Il bollo auto è stato uno dei grandi esclusi dai provvedimenti contenuti nel decreto Cura Italia che di fatto non ha previsto alcuna misura che andasse incontro ai milioni di italiani che possiedono un veicoli e che in questo periodo di emergenza e di crisi devono fare i conti anche con questo balzello.

Bollo auto: alcune regioni sospendono il pagamento

In linea con le anticipazioni e le indiscrezioni già circolate nei giorni scorsi, le regioni, ma non tutte, hanno deciso di muoversi in autonomia, essendo peraltro le beneficiarie della tassa automobilistica.

Diversi organi regionali hanno così deciso di accogliere positivamente le richieste giunte dall'Unasca, l'associazione nazionale degli studi di consulenza automobilistica e delle autoscuole.

Quest'ultima da una parte aveva lamentato l'assenza di indicazioni sul bollo auto nel DL Cura Italia e dall'altra aveva sollecitato proprio una proroga del pagamento che tra l'altro avverrebbe in un momento in cui non si può utilizzare il veicolo per il quale si versa la tassa, viste le restrizioni decise per contenere la diffusione del coronavirus.

Bollo auto: Piemonte prima a muoversi. Sospensione fino al 30 giugno

La prima regione a prendere una posizione è stata il Piemonte, la cui Giunta ha deliberato ieri che il pagamento del bollo auto dovuto nei mesi di marzo, aprile e maggio 2020 è sospeso fino al 30 giugno, termine entro cui poter effettuare il versamente senza l'applicazione di sanzioni, interessi e oneri aggiuntivi.

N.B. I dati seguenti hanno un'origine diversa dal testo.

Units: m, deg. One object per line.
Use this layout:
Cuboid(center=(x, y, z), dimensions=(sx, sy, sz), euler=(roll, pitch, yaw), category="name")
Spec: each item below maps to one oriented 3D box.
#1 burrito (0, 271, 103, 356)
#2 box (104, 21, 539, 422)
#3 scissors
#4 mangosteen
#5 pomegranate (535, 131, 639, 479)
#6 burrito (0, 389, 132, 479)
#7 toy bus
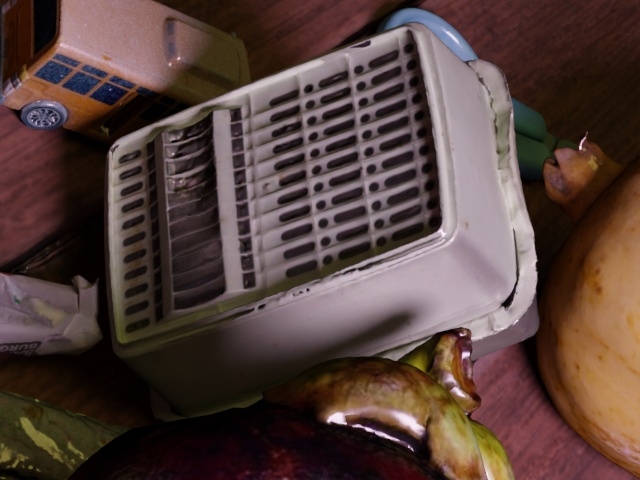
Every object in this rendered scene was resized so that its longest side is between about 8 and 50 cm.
Cuboid(center=(-0.222, 0.043, 1.211), dimensions=(0.203, 0.064, 0.064), euler=(7, 58, -45), category="burrito")
Cuboid(center=(0.000, 0.000, 1.293), dimensions=(0.166, 0.290, 0.220), euler=(45, 32, -49), category="box")
Cuboid(center=(0.224, -0.075, 1.780), dimensions=(0.447, 0.029, 0.192), euler=(20, 50, -35), category="scissors")
Cuboid(center=(-0.021, 0.200, 1.088), dimensions=(0.306, 0.306, 0.359), euler=(26, 64, -31), category="mangosteen")
Cuboid(center=(0.320, 0.040, 1.584), dimensions=(0.342, 0.342, 0.342), euler=(26, 46, -31), category="pomegranate")
Cuboid(center=(-0.199, 0.130, 1.163), dimensions=(0.309, 0.066, 0.096), euler=(20, 45, -37), category="burrito")
Cuboid(center=(-0.136, -0.122, 1.383), dimensions=(0.182, 0.103, 0.091), euler=(21, 50, -36), category="toy bus")
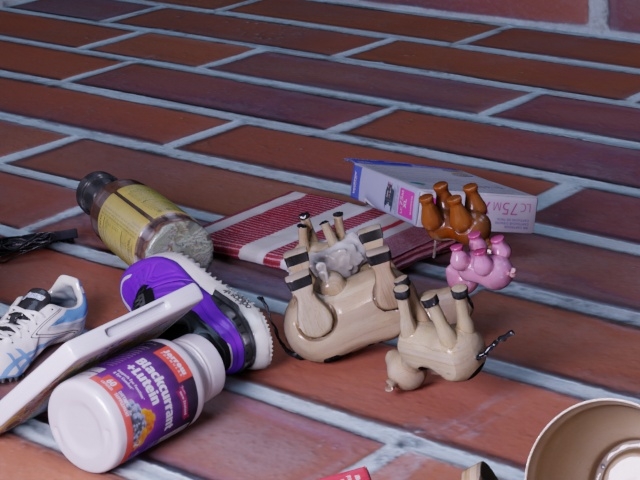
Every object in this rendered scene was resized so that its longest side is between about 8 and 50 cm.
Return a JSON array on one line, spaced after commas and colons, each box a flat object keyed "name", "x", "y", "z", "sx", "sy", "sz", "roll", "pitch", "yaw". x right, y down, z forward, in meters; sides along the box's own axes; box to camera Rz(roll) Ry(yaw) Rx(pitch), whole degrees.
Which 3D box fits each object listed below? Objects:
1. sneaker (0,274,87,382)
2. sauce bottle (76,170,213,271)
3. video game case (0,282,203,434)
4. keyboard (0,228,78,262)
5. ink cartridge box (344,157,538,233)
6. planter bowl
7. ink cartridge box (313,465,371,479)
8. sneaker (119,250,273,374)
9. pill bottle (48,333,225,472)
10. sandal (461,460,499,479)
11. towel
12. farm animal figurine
[{"name": "sneaker", "x": -0.372, "y": 0.111, "z": 2.123, "sx": 0.085, "sy": 0.086, "sz": 0.237, "roll": 9, "pitch": 24, "yaw": 24}, {"name": "sauce bottle", "x": -0.261, "y": -0.026, "z": 2.454, "sx": 0.111, "sy": 0.111, "sz": 0.344, "roll": -11, "pitch": 22, "yaw": -22}, {"name": "video game case", "x": -0.261, "y": 0.138, "z": 1.919, "sx": 0.206, "sy": 0.026, "sz": 0.227, "roll": -26, "pitch": -10, "yaw": -48}, {"name": "keyboard", "x": -0.450, "y": 0.014, "z": 2.505, "sx": 0.192, "sy": 0.038, "sz": 0.100, "roll": -9, "pitch": -3, "yaw": -14}, {"name": "ink cartridge box", "x": 0.166, "y": -0.067, "z": 2.512, "sx": 0.185, "sy": 0.065, "sz": 0.311, "roll": 3, "pitch": 12, "yaw": -21}, {"name": "planter bowl", "x": 0.287, "y": 0.232, "z": 1.623, "sx": 0.162, "sy": 0.162, "sz": 0.109, "roll": 8, "pitch": -4, "yaw": 28}, {"name": "ink cartridge box", "x": -0.071, "y": 0.298, "z": 1.407, "sx": 0.272, "sy": 0.114, "sz": 0.197, "roll": -14, "pitch": 11, "yaw": -2}, {"name": "sneaker", "x": -0.196, "y": 0.095, "z": 2.117, "sx": 0.146, "sy": 0.102, "sz": 0.293, "roll": -17, "pitch": 24, "yaw": -33}, {"name": "pill bottle", "x": -0.196, "y": 0.172, "z": 1.891, "sx": 0.108, "sy": 0.108, "sz": 0.193, "roll": 12, "pitch": 24, "yaw": 35}, {"name": "sandal", "x": 0.130, "y": 0.285, "z": 1.619, "sx": 0.079, "sy": 0.088, "sz": 0.240, "roll": -31, "pitch": 7, "yaw": 14}, {"name": "towel", "x": 0.000, "y": 0.000, "z": 2.462, "sx": 0.329, "sy": 0.037, "sz": 0.237, "roll": 14, "pitch": 26, "yaw": 41}, {"name": "farm animal figurine", "x": 0.095, "y": 0.082, "z": 2.053, "sx": 0.326, "sy": 0.172, "sz": 0.330, "roll": -10, "pitch": 25, "yaw": 17}]
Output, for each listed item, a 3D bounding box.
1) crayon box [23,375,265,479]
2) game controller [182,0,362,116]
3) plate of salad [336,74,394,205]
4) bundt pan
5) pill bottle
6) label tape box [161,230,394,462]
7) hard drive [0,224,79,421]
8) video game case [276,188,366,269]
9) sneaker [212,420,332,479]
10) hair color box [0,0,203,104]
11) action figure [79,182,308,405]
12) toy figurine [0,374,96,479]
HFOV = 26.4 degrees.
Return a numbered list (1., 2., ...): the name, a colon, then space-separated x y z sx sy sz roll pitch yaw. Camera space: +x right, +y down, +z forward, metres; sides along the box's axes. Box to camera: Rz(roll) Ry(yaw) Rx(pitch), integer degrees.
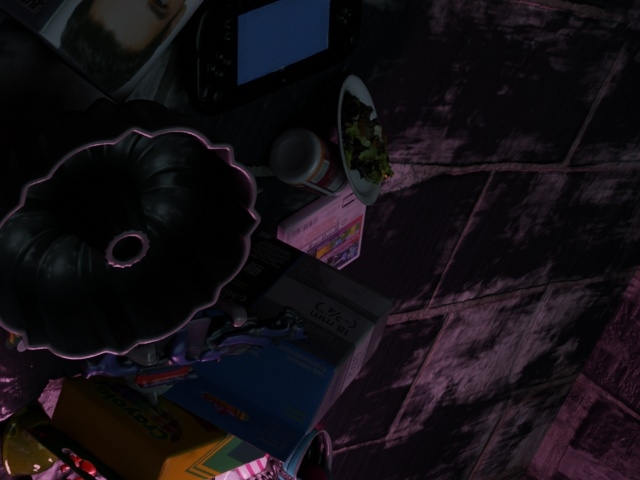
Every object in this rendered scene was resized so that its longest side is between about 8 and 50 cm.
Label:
1. crayon box: -0.228 0.257 1.900 0.318 0.202 0.081 -12 129 -57
2. game controller: -0.057 -0.280 1.811 0.319 0.067 0.166 -29 143 -39
3. plate of salad: 0.070 -0.153 2.061 0.200 0.048 0.200 -5 90 -69
4. bundt pan: -0.241 -0.026 1.558 0.331 0.124 0.331 -19 135 -19
5. pill bottle: -0.007 -0.113 2.046 0.086 0.086 0.152 -58 152 6
6. label tape box: -0.067 0.142 1.977 0.334 0.240 0.106 -46 158 -54
7. hard drive: -0.391 0.079 1.698 0.237 0.064 0.339 -34 146 -33
8. video game case: 0.000 0.000 2.247 0.201 0.023 0.183 -33 145 -35
9. sneaker: -0.073 0.413 2.418 0.124 0.178 0.295 -6 126 -54
10. hair color box: -0.180 -0.354 1.494 0.374 0.113 0.185 -52 152 -3
11. action figure: -0.180 0.061 1.820 0.341 0.178 0.330 1 114 -38
12. toy figurine: -0.336 0.399 1.966 0.191 0.217 0.362 -28 143 -39

La regione Piemonte ha disposto inoltre che per i contribuenti con un piano di rateizzazione è previsto il posticipo del pagamento delle rate con scadenza nei mesi di marzo, aprile e maggio al ventottesimo giorno dei tre mesi successivi all’ultima scadenza prevista.

In aggiunta a ciò, sono sospesi fino al 31 maggio 2020 i termini di versamento derivanti da ingiunzioni di pagamento emesse da Soris S.p.A e le attività aventi rilevanza esterna di liquidazione, controllo, accertamento, riscossione e contenzioso dei tributi regionali.

Bollo auto: anche Emilia Romagna e Toscana prorogano al 30 giugno

L'esempio del Piemonte è stato seguito anche dall'Emilia Romagna che ha disposto la proroga fino al 30 giugno del pagamento della tassa automobilistica con scadenza dall'8 marzo al 31 maggio 2020.

Come spiegato dall'assessore al Bilancio dell'Emilia Romagna, Paolo Calvano, "Abbiamo deciso di procrastinarne il pagamento per risparmiare ai contribuenti un ulteriore motivo di difficoltà, soprattutto in considerazione delle ripercussioni che stanno già subendo non solo sotto l'aspetto sanitario ma anche dal punto di vista economico e sociale".

Tra le prime regioni a spostare la scadenza del pagamento del bollo auto c'è anche la Toscana.
La giunta regionale riunitasi oggi ha deciso di dare più tempo, e precisamente fino al 30 giugno, per il versamento del bollo auto.

L'assessore al bilancio della Toscana, Vittori Bugli, ha dichiarato: "Ci siamo mossi in armonia con i provvedimenti del Governo che, vista l'emergenza Covid-19, ha deciso la sospensione degli adempimenti e versamenti fiscali: una misura che vuole contenere gli effetti economici collaterali della pandemia che è in corso". 

Lombardia: slitta al 30/6 pagamento bollo auto e tasse regionali

Buone notizie anche dalla Lombardia che ha deciso di far slittare anch'essa al 30 giugno il termine ultimo per il pagamento non solo del bollo auto, ma di tutte le tasse regionali, tra cui rientrano l'ecotassa sui rifiuti, l'Irap, l'addizionale regionale Irpef e la tassa sulle concessioni.

Bollo auto: Marche la regione più generosa

La più generosa al momento è stata la regione Marche, visto che la giunta ha deciso di posticipare il pagamento del bollo auto e di altri tributi minori al 31 luglio, un mese più in là di quello indicato dalle altre realtà regionali che si sono mosse nella stessa direzione.

Le suddette Regioni che hanno deliberato una proroga del pagamento, hanno precisato che non è previsto alcun rimborso per chi ha già versato la tassa automobilistica.